2006-07-15
A robot wish
I've come to realize that I have a two-part wish about web robots and spiders and so on. To wit:
I wish that there was something that all robots put in the HTTP request headers (perhaps having 'ROBOT' somewhere in their User-Agent string), and then that there was a standard HTTP response code for 'request declined because robots should not crawl this resource'.

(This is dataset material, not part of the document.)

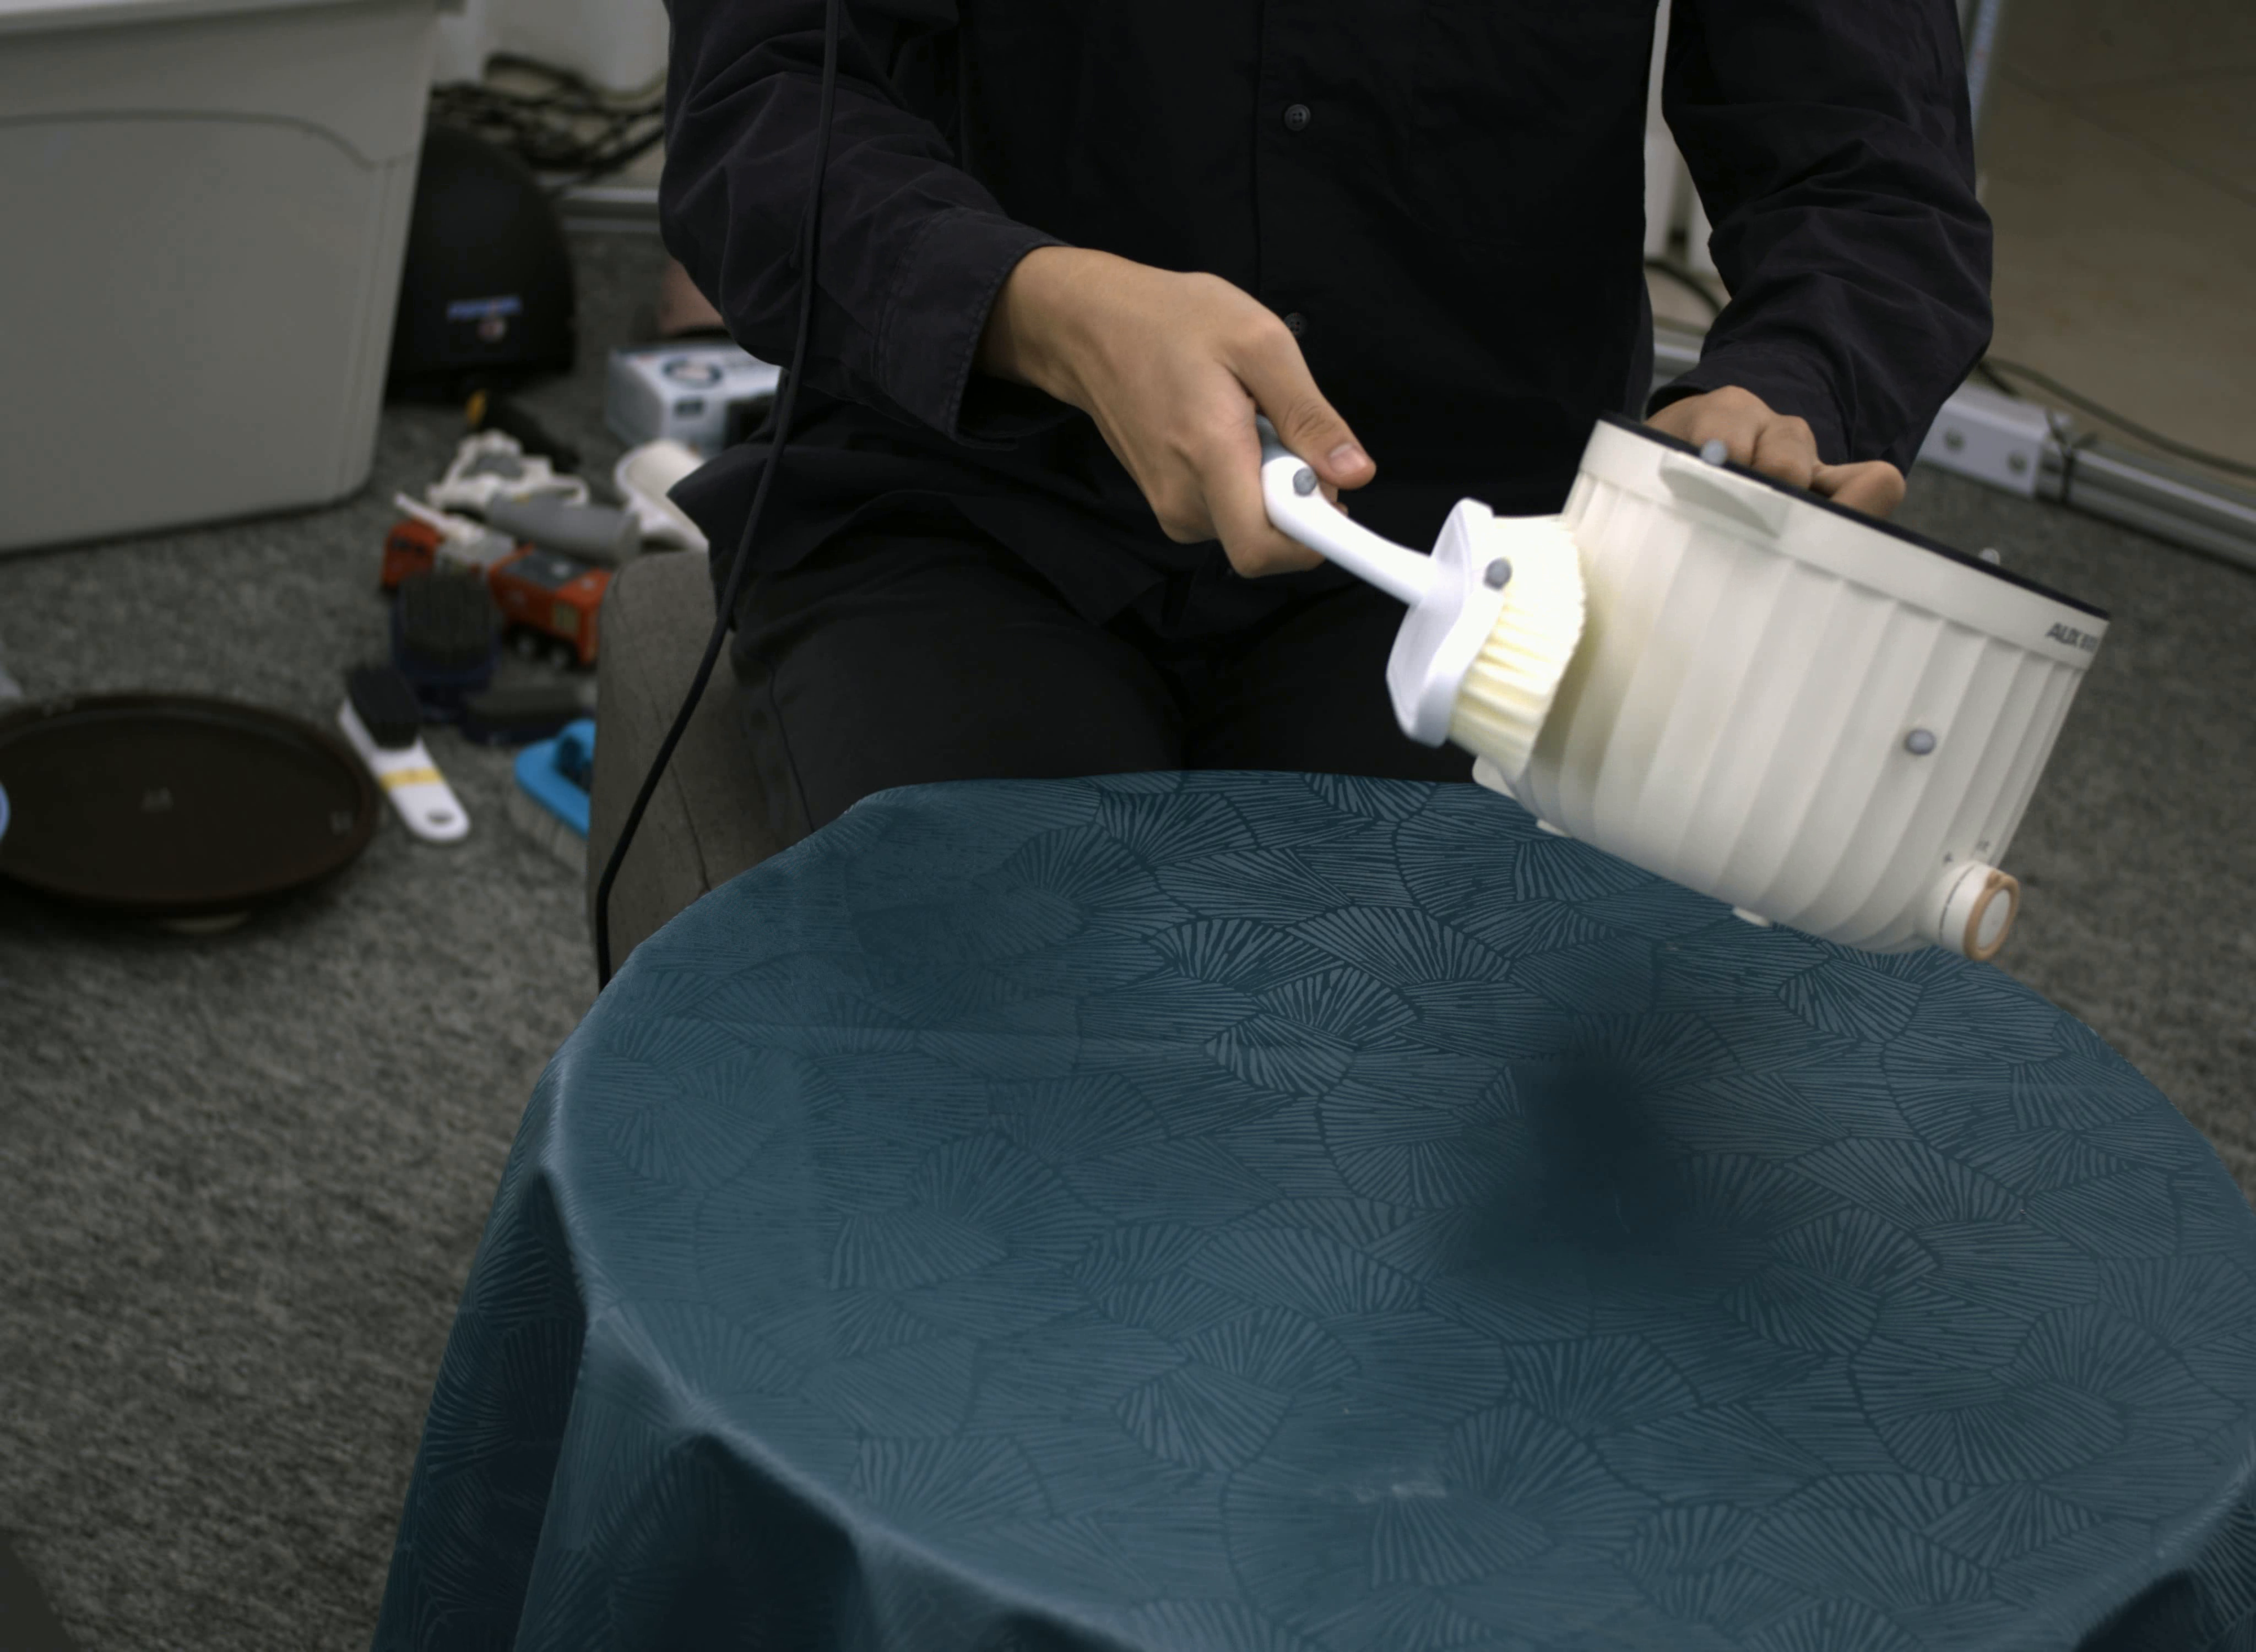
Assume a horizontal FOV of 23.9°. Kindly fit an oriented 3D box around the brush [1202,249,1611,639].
[{"bbox_3d":[0.108,-0.140,1.820,0.083,0.084,0.328,-36,25,2],"label":"brush"}]

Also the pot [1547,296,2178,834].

Part of the problems of dealing with (well behaved) robots is that the
only real robot signature is fetching robots.txt
, and even that isn't
a sure thing. You can look at User-Agent strings to recognize specific
robots, but this doesn't scale and it's reactive, not proactive. (I
say it doesn't scale because in the past 28 days, over 100 different
robotic-looking User-Agent strings fetched robots.txt
here.)
Having a definite robot signature in each request would make all
sorts of robot filtering much easier and more reliable (and we
wouldn't have to depend on robots.txt
to do it, which has problems). And with a specific error response for it, robots
could unambiguously know what was going on and behave appropriately.
(You could also avoid having to give away information in robots.txt
about exactly what you don't want robots indexing, which can sometimes
be very interesting to nosy people.)
At the dawn of the robot era, it would have been pretty easy to introduce at least the per-request robot signature (an extended 'no robots please' status code might have been more challenging). Unfortunately it's too late by now. Still, if you're writing a new web spider I urge you to start a new movement and put 'ROBOT' somewhere in your User-Agent string.
(PS: I'm not suggesting that this mechanism should replace robots.txt
;
robots.txt
is very useful for efficient bulk removals when they can be
expressed within its limits. I'd like to have both available.)